==== THE INPUT ====

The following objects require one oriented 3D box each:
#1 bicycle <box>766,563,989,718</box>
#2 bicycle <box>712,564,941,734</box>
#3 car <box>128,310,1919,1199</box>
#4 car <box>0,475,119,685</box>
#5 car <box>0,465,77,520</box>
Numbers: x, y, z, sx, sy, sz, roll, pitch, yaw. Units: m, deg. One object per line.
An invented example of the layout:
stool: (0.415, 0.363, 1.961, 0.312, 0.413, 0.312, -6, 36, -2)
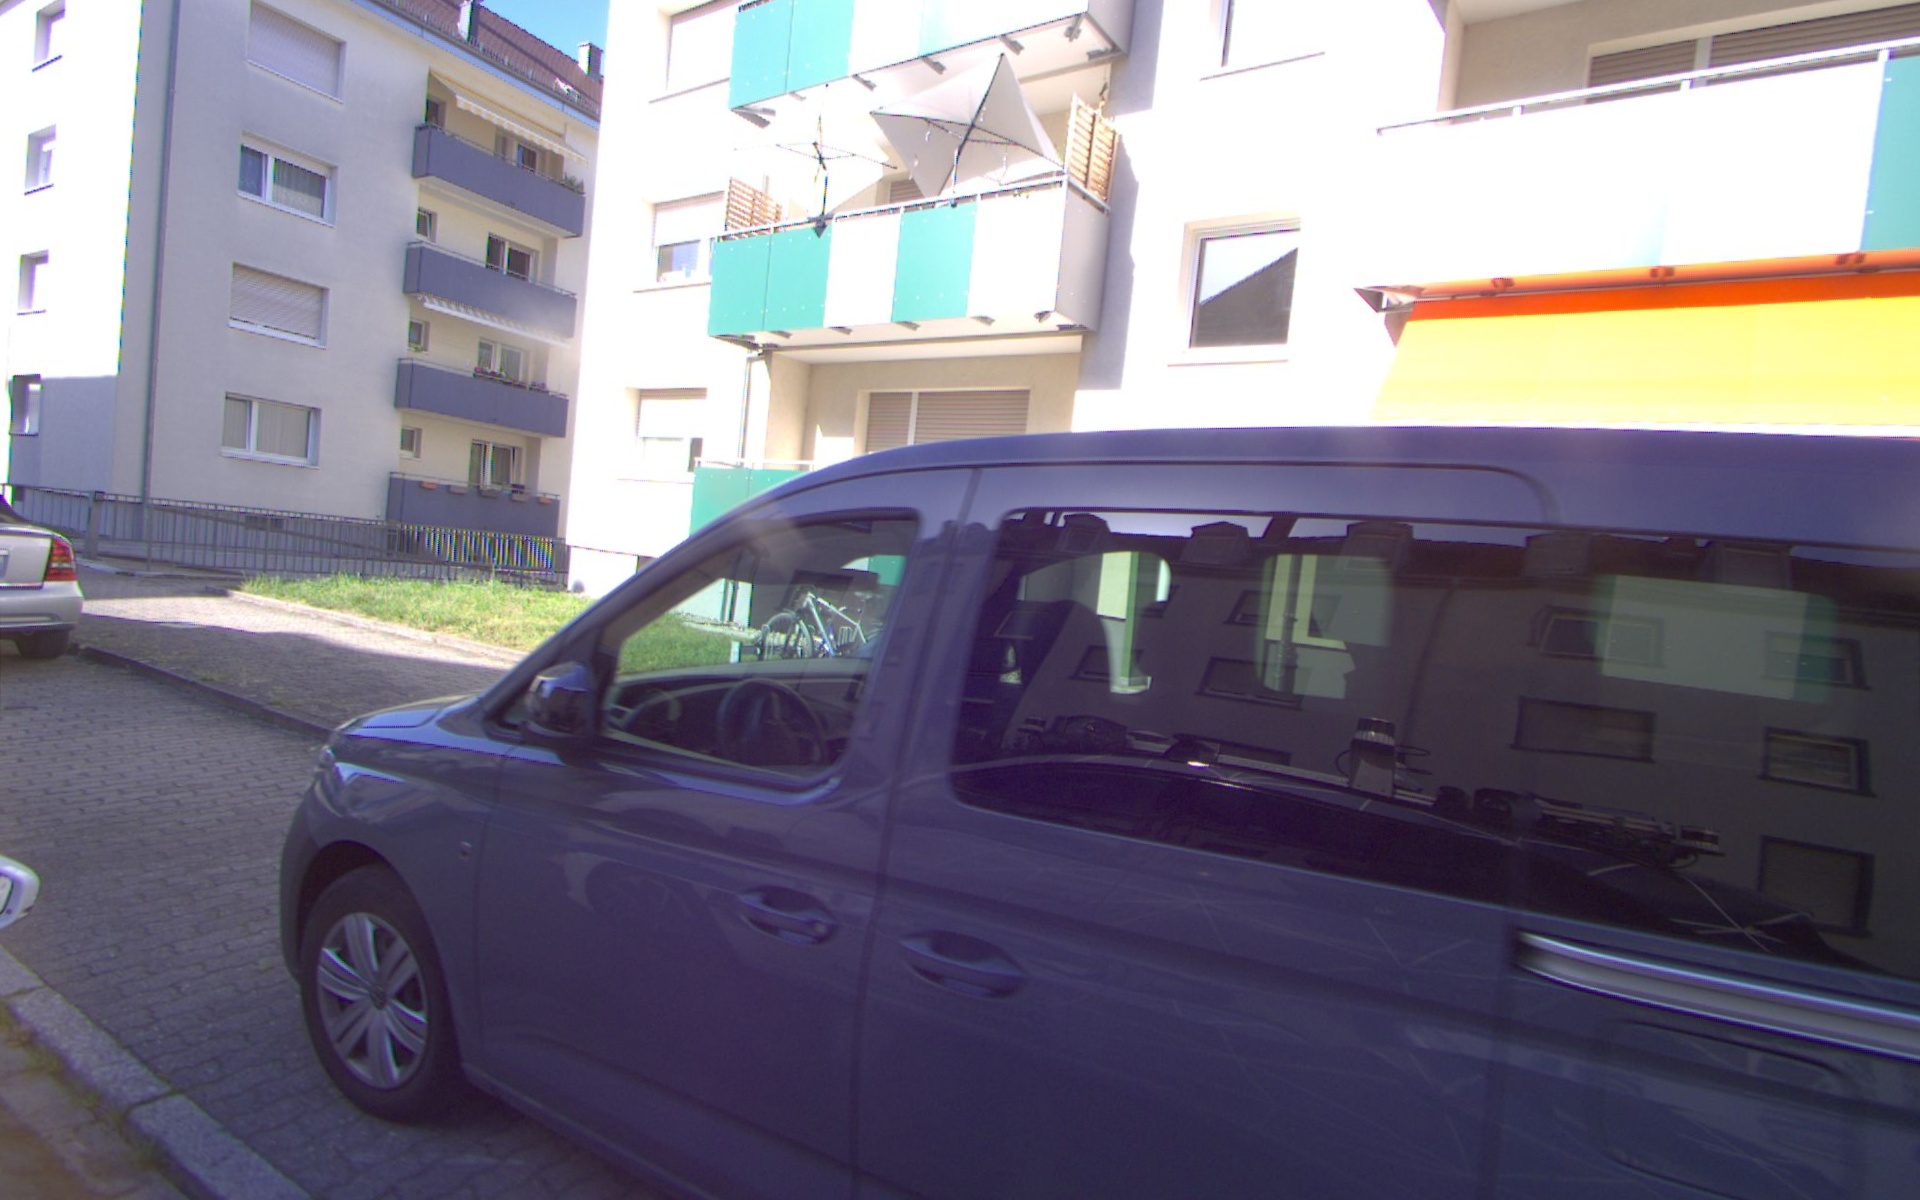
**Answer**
bicycle: (-0.756, 0.304, 8.610, 2.044, 1.058, 0.504, 7, 2, 39)
bicycle: (-1.142, 0.349, 8.207, 2.044, 1.107, 0.504, 7, 2, 39)
car: (-0.016, 0.487, 2.550, 4.837, 1.866, 1.758, 7, 5, 31)
car: (-8.593, -0.339, 7.873, 4.240, 1.427, 1.741, 7, 5, 30)
car: (-31.447, -3.610, 32.473, 1.595, 1.569, 4.074, 7, 2, 30)

====

Without the pictures, repeat exactly the lines running from the line containing "#1 bicycle <box>766,563,989,718</box>" through the end of the data, both ends included.

#1 bicycle <box>766,563,989,718</box>
#2 bicycle <box>712,564,941,734</box>
#3 car <box>128,310,1919,1199</box>
#4 car <box>0,475,119,685</box>
#5 car <box>0,465,77,520</box>
Numbers: x, y, z, sx, sy, sz, roll, pitch, yaw. Units: m, deg. One object per line.
An invented example of the layout:
stool: (0.415, 0.363, 1.961, 0.312, 0.413, 0.312, -6, 36, -2)
**Answer**
bicycle: (-0.756, 0.304, 8.610, 2.044, 1.058, 0.504, 7, 2, 39)
bicycle: (-1.142, 0.349, 8.207, 2.044, 1.107, 0.504, 7, 2, 39)
car: (-0.016, 0.487, 2.550, 4.837, 1.866, 1.758, 7, 5, 31)
car: (-8.593, -0.339, 7.873, 4.240, 1.427, 1.741, 7, 5, 30)
car: (-31.447, -3.610, 32.473, 1.595, 1.569, 4.074, 7, 2, 30)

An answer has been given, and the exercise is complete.